Been quietly building something called AETHR over the past few months.

It started as a simple idea, an AI system that connects thinking, planning, and execution so your context doesn’t get lost across tools.

But the more I build it, the more I’m realizing the problem is way less clear-cut than I thought.

Every productivity setup I’ve tried (and even my own system) eventually breaks in the same way:
notes in one place, tasks in another, goals somewhere else… and at some point you just lose the thread of what you were actually doing.

I shared an early version with a few people recently and the feedback was pretty mixed but helpful:

Some people didn’t understand the quadrant structure at all
Some said the AI only feels useful once there’s enough data (cold start problem)
Others said the setup effort feels too high before you even see value

And honestly… they’re probably right.

Right now I’m stuck between two directions:

  • make it more structured so it actually works as a system
  • or make it way simpler so people get value immediately without “setting up their life”

Still early, still figuring it out, but trying to be honest about the messy part instead of only showing progress.

Would love to hear from others building or using productivity tools:
do you actually want a full system, or just something that tells you what to do next without setup?

posted to Icon for group SAAS
SAAS
on May 26, 2026
  1. 1

    The useful insight here is that users are not asking for a “bigger productivity system.” They are asking for less setup before the product earns the right to become a system.

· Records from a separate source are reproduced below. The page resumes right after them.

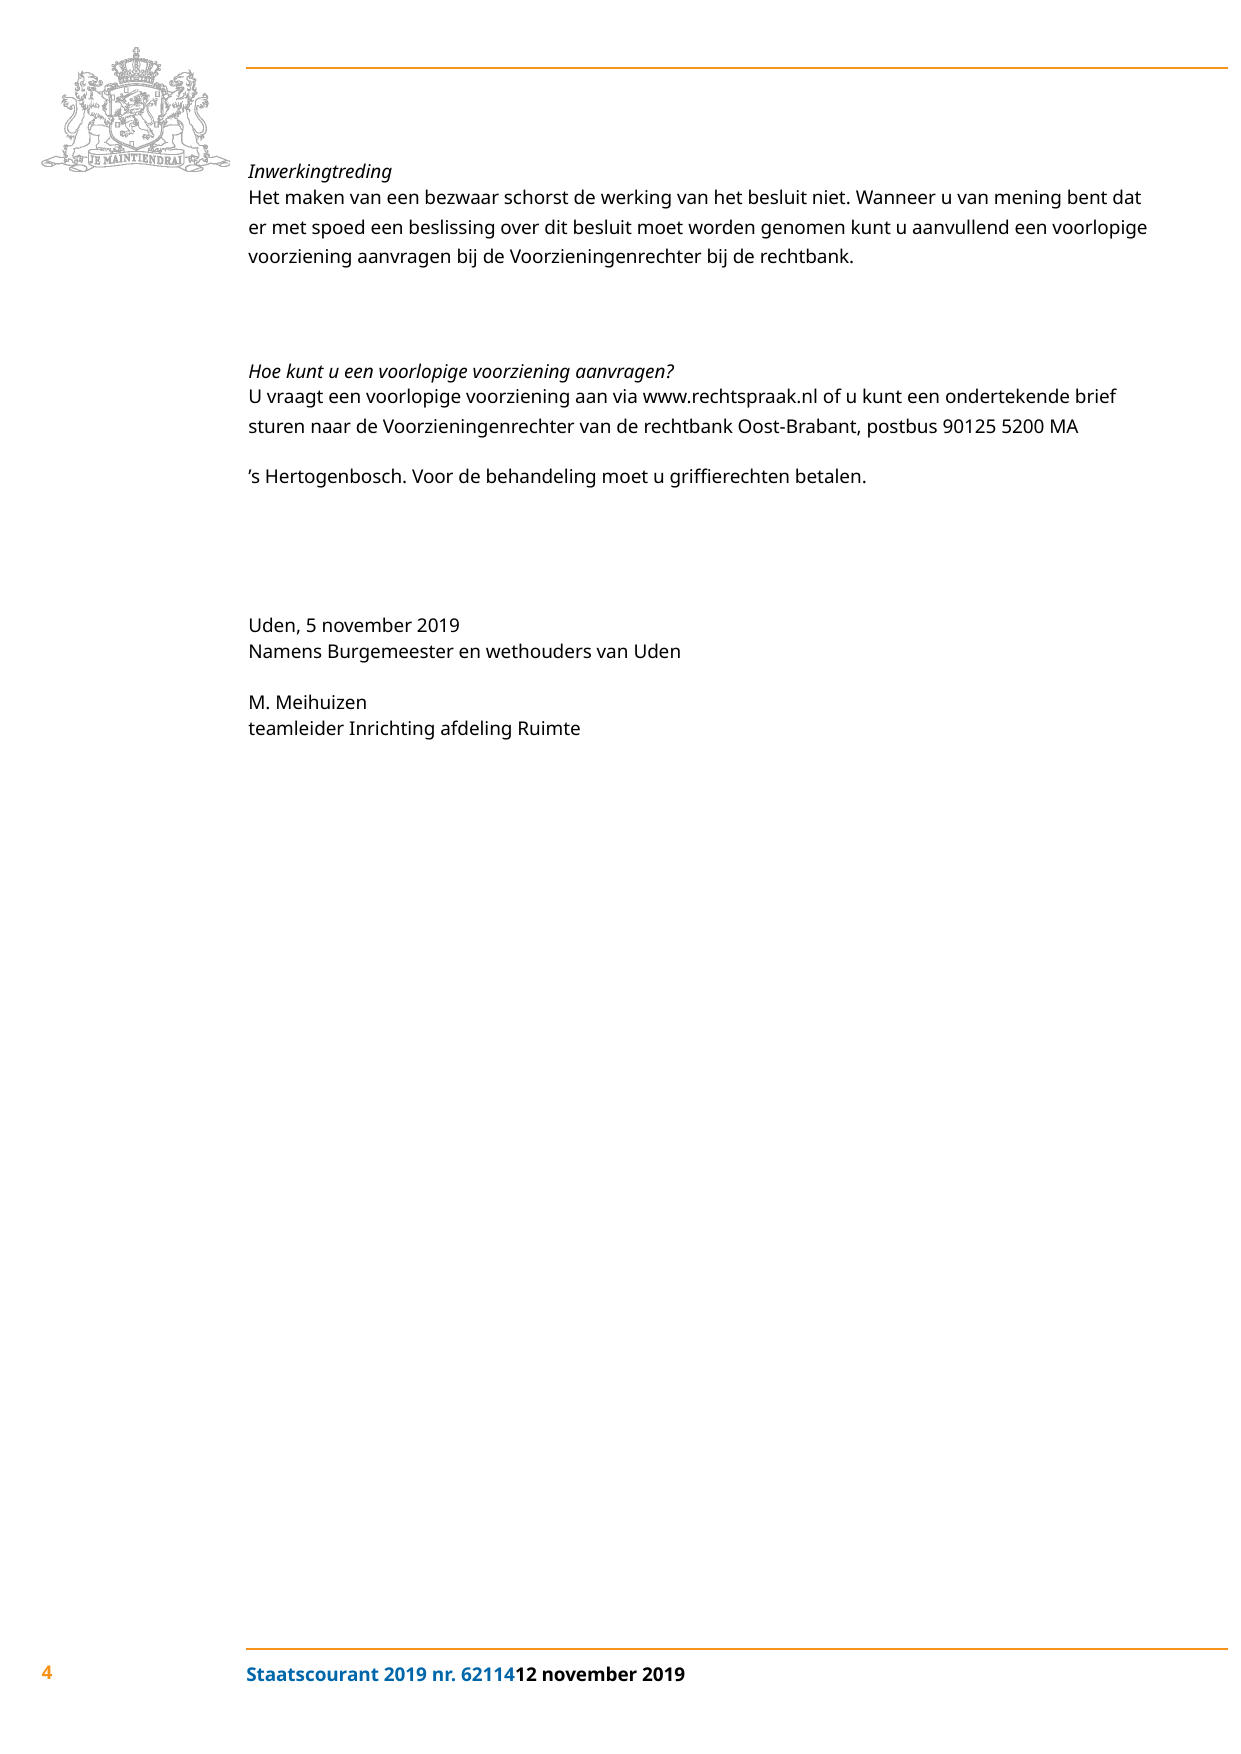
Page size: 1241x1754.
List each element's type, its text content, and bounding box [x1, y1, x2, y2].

text Hoe kunt u een voorlopige voorziening aanvragen? [248, 358, 1152, 384]
text U vraagt een voorlopige voorziening aan via www.rechtspraak.nl of u kunt een ondertekende brief sturen naar de Voorzieningenrechter van de rechtbank Oost-Brabant, postbus 90125 5200 MA [248, 384, 1152, 439]
text teamleider Inrichting afdeling Ruimte [248, 715, 1152, 741]
text Inwerkingtreding [248, 159, 1152, 184]
text Uden, 5 november 2019 [248, 612, 1152, 638]
text Namens Burgemeester en wethouders van Uden [248, 638, 1152, 664]
text M. Meihuizen [248, 689, 1152, 715]
picture [41, 47, 231, 172]
text Het maken van een bezwaar schorst de werking van het besluit niet. Wanneer u van mening bent dat er met spoed een beslissing over dit besluit moet worden genomen kunt u aanvullend een voorlopige voorziening aanvragen bij de Voorzieningenrechter bij de rechtbank. [248, 184, 1152, 269]
text ’s Hertogenbosch. Voor de behandeling moet u griffierechten betalen. [248, 464, 1152, 489]
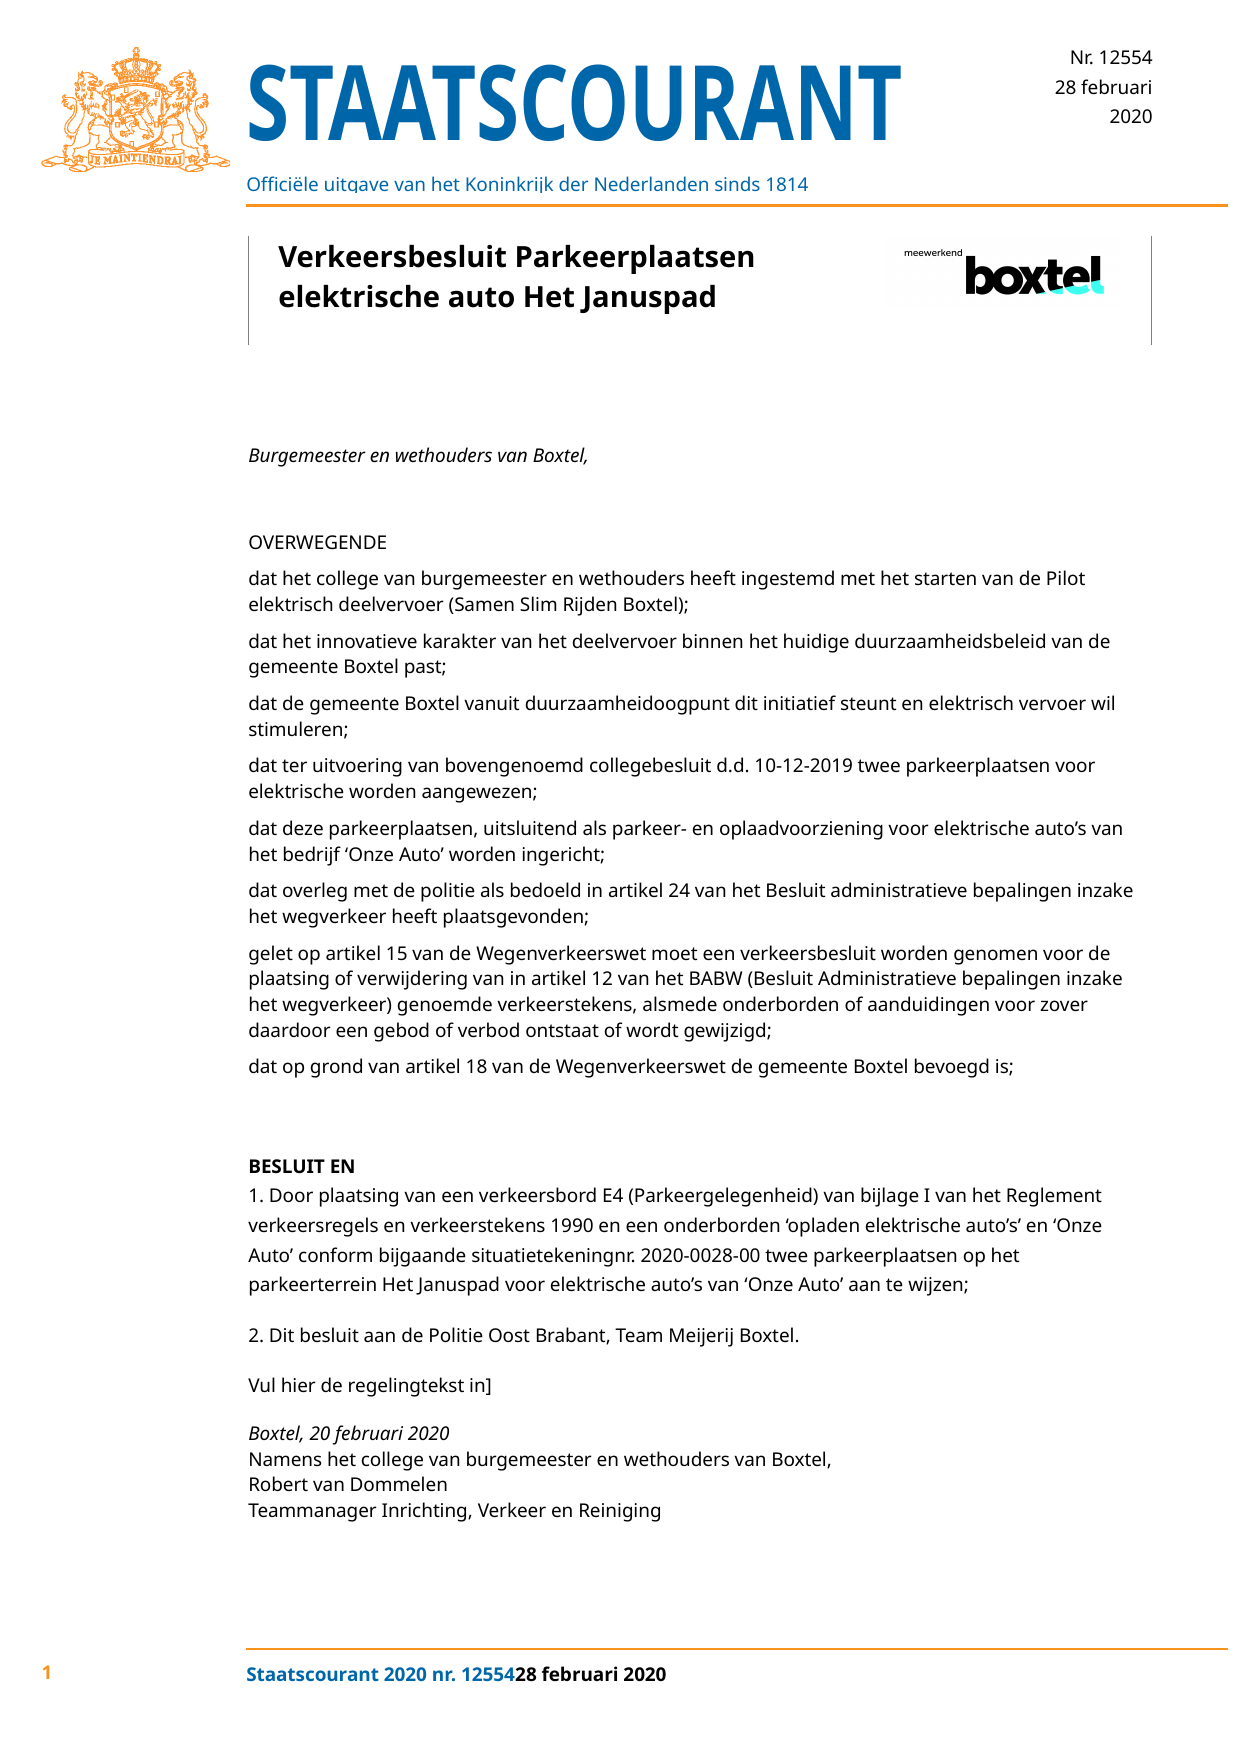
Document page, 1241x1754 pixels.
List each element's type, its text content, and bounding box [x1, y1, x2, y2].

table_header Verkeersbesluit Parkeerplaatsen elektrische auto Het Januspad [249, 236, 850, 345]
text dat het college van burgemeester en wethouders heeft ingestemd met het starten van de Pilot elektrisch deelvervoer (Samen Slim Rijden Boxtel); [248, 566, 1152, 617]
table_header [850, 236, 1151, 345]
text dat het innovatieve karakter van het deelvervoer binnen het huidige duurzaamheidsbeleid van de gemeente Boxtel past; [248, 628, 1152, 679]
text dat deze parkeerplaatsen, uitsluitend als parkeer- en oplaadvoorziening voor elektrische auto’s van het bedrijf ‘Onze Auto’ worden ingericht; [248, 815, 1152, 867]
text dat de gemeente Boxtel vanuit duurzaamheidoogpunt dit initiatief steunt en elektrisch vervoer wil stimuleren; [248, 690, 1152, 742]
text Robert van Dommelen [248, 1472, 1152, 1497]
text dat ter uitvoering van bovengenoemd collegebesluit d.d. 10-12-2019 twee parkeerplaatsen voor elektrische worden aangewezen; [248, 753, 1152, 804]
text gelet op artikel 15 van de Wegenverkeerswet moet een verkeersbesluit worden genomen voor de plaatsing of verwijdering van in artikel 12 van het BABW (Besluit Administratieve bepalingen inzake het wegverkeer) genoemde verkeerstekens, alsmede onderborden of aanduidingen voor zover daardoor een gebod of verbod ontstaat of wordt gewijzigd; [248, 940, 1152, 1043]
text Boxtel, 20 februari 2020 [248, 1420, 1152, 1446]
text BESLUIT EN [248, 1153, 1152, 1179]
text dat op grond van artikel 18 van de Wegenverkeerswet de gemeente Boxtel bevoegd is; [248, 1054, 1152, 1079]
text Namens het college van burgemeester en wethouders van Boxtel, [248, 1446, 1152, 1472]
text Vul hier de regelingtekst in] [248, 1372, 1152, 1398]
picture [882, 236, 1119, 309]
text OVERWEGENDE [248, 529, 1152, 554]
text 2. Dit besluit aan de Politie Oost Brabant, Team Meijerij Boxtel. [248, 1322, 1152, 1348]
text dat overleg met de politie als bedoeld in artikel 24 van het Besluit administratieve bepalingen inzake het wegverkeer heeft plaatsgevonden; [248, 877, 1152, 929]
picture [41, 47, 231, 172]
text 1. Door plaatsing van een verkeersbord E4 (Parkeergelegenheid) van bijlage I van het Reglement verkeersregels en verkeerstekens 1990 en een onderborden ‘opladen elektrische auto’s’ en ‘Onze Auto’ conform bijgaande situatietekeningnr. 2020-0028-00 twee parkeerplaatsen op het parkeerterrein Het Januspad voor elektrische auto’s van ‘Onze Auto’ aan te wijzen; [248, 1183, 1152, 1297]
text Teammanager Inrichting, Verkeer en Reiniging [248, 1497, 1152, 1523]
text Burgemeester en wethouders van Boxtel, [248, 442, 1152, 468]
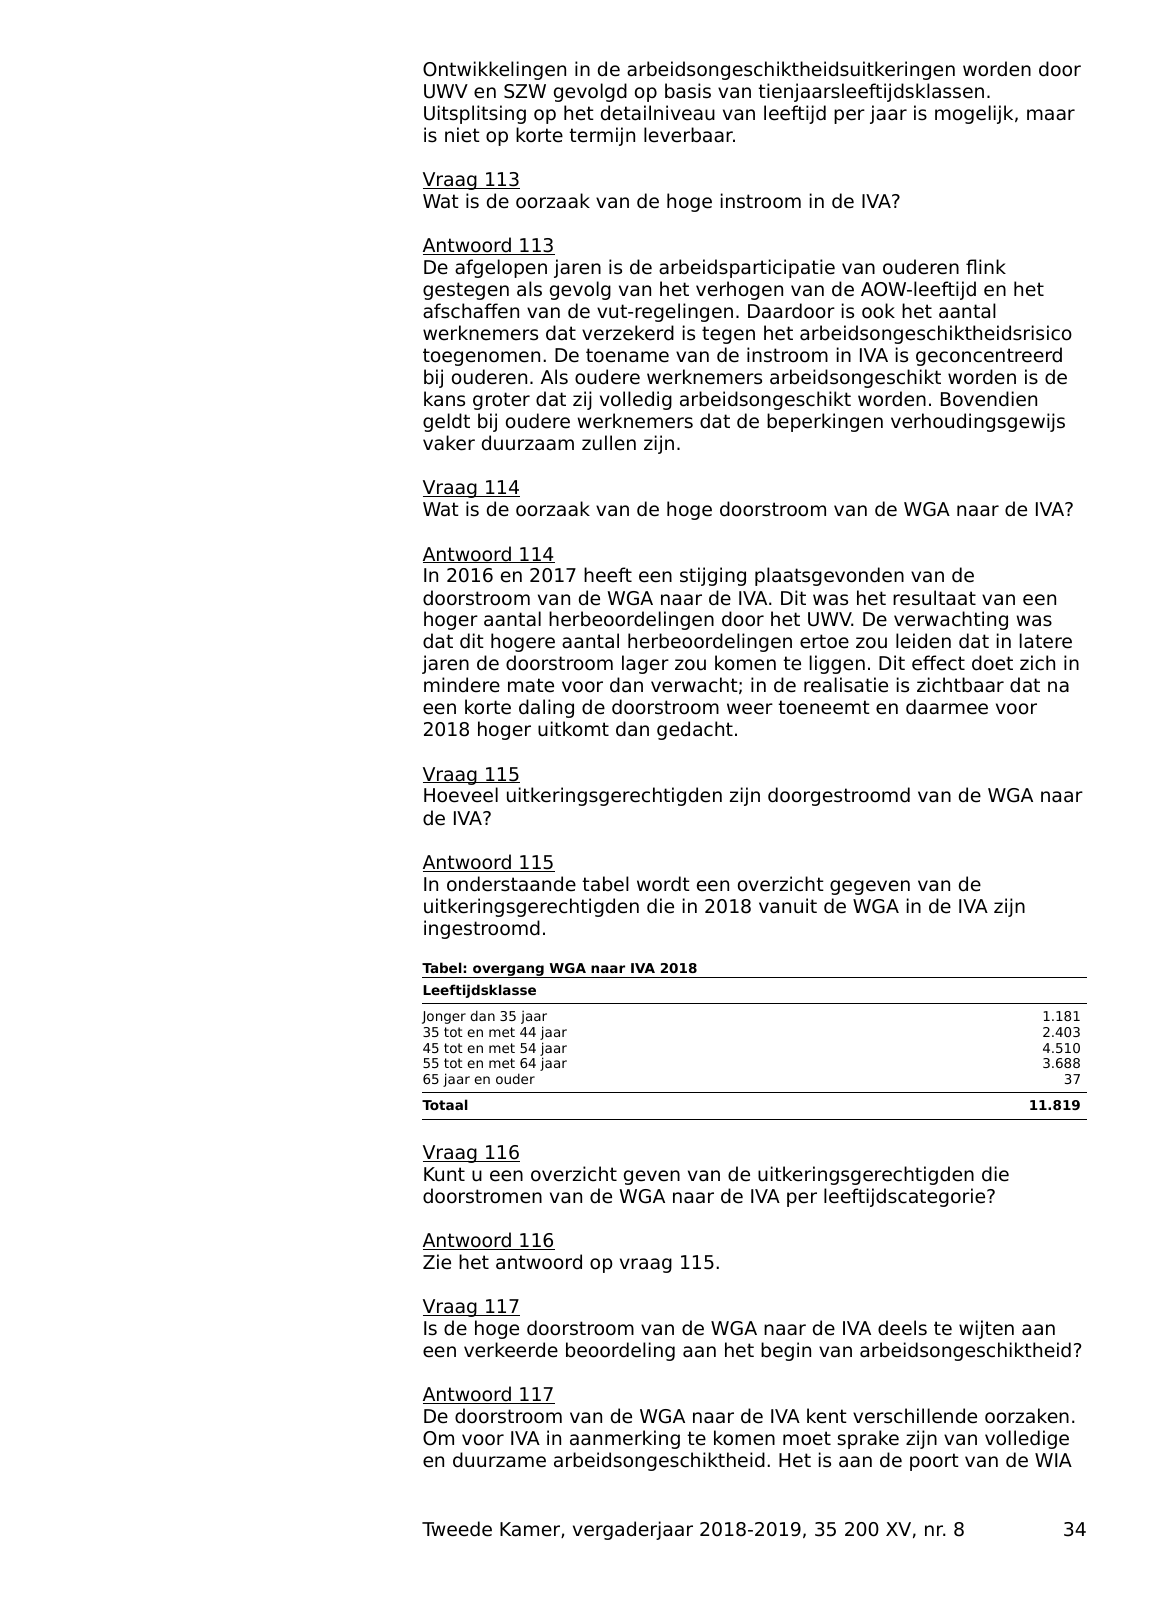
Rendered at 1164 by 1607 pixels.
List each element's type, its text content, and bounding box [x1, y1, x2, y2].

table_cell 3.688 [954, 1056, 1087, 1072]
text Hoeveel uitkeringsgerechtigden zijn doorgestroomd van de WGA naar de IVA? [422, 785, 1087, 829]
text Zie het antwoord op vraag 115. [422, 1252, 1087, 1274]
table_cell 65 jaar en ouder [422, 1072, 954, 1092]
text Antwoord 117 [422, 1384, 1087, 1406]
text Antwoord 115 [422, 852, 1087, 873]
text Antwoord 116 [422, 1230, 1087, 1252]
text Vraag 115 [422, 763, 1087, 785]
table_cell [954, 978, 1087, 1003]
text In onderstaande tabel wordt een overzicht gegeven van de uitkeringsgerechtigden die in 2018 vanuit de WGA in de IVA zijn ingestroomd. [422, 873, 1087, 939]
text In 2016 en 2017 heeft een stijging plaatsgevonden van de doorstroom van de WGA naar de IVA. Dit was het resultaat van een hoger aantal herbeoordelingen door het UWV. De verwachting was dat dit hogere aantal herbeoordelingen ertoe zou leiden dat in latere jaren de doorstroom lager zou komen te liggen. Dit effect doet zich in mindere mate voor dan verwacht; in de realisatie is zichtbaar dat na een korte daling de doorstroom weer toeneemt en daarmee voor 2018 hoger uitkomt dan gedacht. [422, 565, 1087, 741]
text De afgelopen jaren is de arbeidsparticipatie van ouderen flink gestegen als gevolg van het verhogen van de AOW-leeftijd en het afschaffen van de vut-regelingen. Daardoor is ook het aantal werknemers dat verzekerd is tegen het arbeidsongeschiktheidsrisico toegenomen. De toename van de instroom in IVA is geconcentreerd bij ouderen. Als oudere werknemers arbeidsongeschikt worden is de kans groter dat zij volledig arbeidsongeschikt worden. Bovendien geldt bij oudere werknemers dat de beperkingen verhoudingsgewijs vaker duurzaam zullen zijn. [422, 257, 1087, 455]
text Wat is de oorzaak van de hoge doorstroom van de WGA naar de IVA? [422, 499, 1087, 521]
table_cell 1.181 [954, 1004, 1087, 1025]
text Wat is de oorzaak van de hoge instroom in de IVA? [422, 191, 1087, 213]
table_cell Jonger dan 35 jaar [422, 1004, 954, 1025]
text Ontwikkelingen in de arbeidsongeschiktheidsuitkeringen worden door UWV en SZW gevolgd op basis van tienjaarsleeftijdsklassen. Uitsplitsing op het detailniveau van leeftijd per jaar is mogelijk, maar is niet op korte termijn leverbaar. [422, 59, 1087, 147]
text Vraag 114 [422, 477, 1087, 499]
table_cell Totaal [422, 1093, 954, 1118]
text Antwoord 113 [422, 235, 1087, 257]
table_cell 35 tot en met 44 jaar [422, 1025, 954, 1040]
text Kunt u een overzicht geven van de uitkeringsgerechtigden die doorstromen van de WGA naar de IVA per leeftijdscategorie? [422, 1164, 1087, 1208]
text Antwoord 114 [422, 543, 1087, 565]
table_cell 2.403 [954, 1025, 1087, 1040]
text Vraag 116 [422, 1142, 1087, 1164]
table_cell 55 tot en met 64 jaar [422, 1056, 954, 1072]
text De doorstroom van de WGA naar de IVA kent verschillende oorzaken. Om voor IVA in aanmerking te komen moet sprake zijn van volledige en duurzame arbeidsongeschiktheid. Het is aan de poort van de WIA [422, 1406, 1087, 1472]
text Vraag 113 [422, 169, 1087, 191]
text Is de hoge doorstroom van de WGA naar de IVA deels te wijten aan een verkeerde beoordeling aan het begin van arbeidsongeschiktheid? [422, 1318, 1087, 1362]
text Vraag 117 [422, 1296, 1087, 1318]
table_cell 37 [954, 1072, 1087, 1092]
table_cell Leeftijdsklasse [422, 978, 954, 1003]
table_cell 4.510 [954, 1040, 1087, 1056]
table_cell 45 tot en met 54 jaar [422, 1040, 954, 1056]
table_header Tabel: overgang WGA naar IVA 2018 [422, 961, 1087, 977]
table_cell 11.819 [954, 1093, 1087, 1118]

    AETHR sounds like it is trying to connect thinking, planning, and execution, which is a strong direction. But the first experience probably needs to feel much smaller: give me the next useful action from the mess I already have.

    The quadrant structure may be correct internally, but if users have to understand the structure before they feel value, the product is making them do work before it proves it can reduce work.

    That is also where the brand matters. AETHR has a nice abstract feel, but the product is really about execution clarity: turning scattered notes, goals, and tasks into forward movement. Xevoa.com would fit that direction well because it feels more like a clean workflow layer than a complex productivity framework.

    The product should probably feel less like “set up your life” and more like “drop in your chaos, get the next move.”

    1. 1

      This is honestly a really sharp reframing.

      “The product has to earn the right to become a system” is probably one of the most accurate ways I’ve heard this described so far.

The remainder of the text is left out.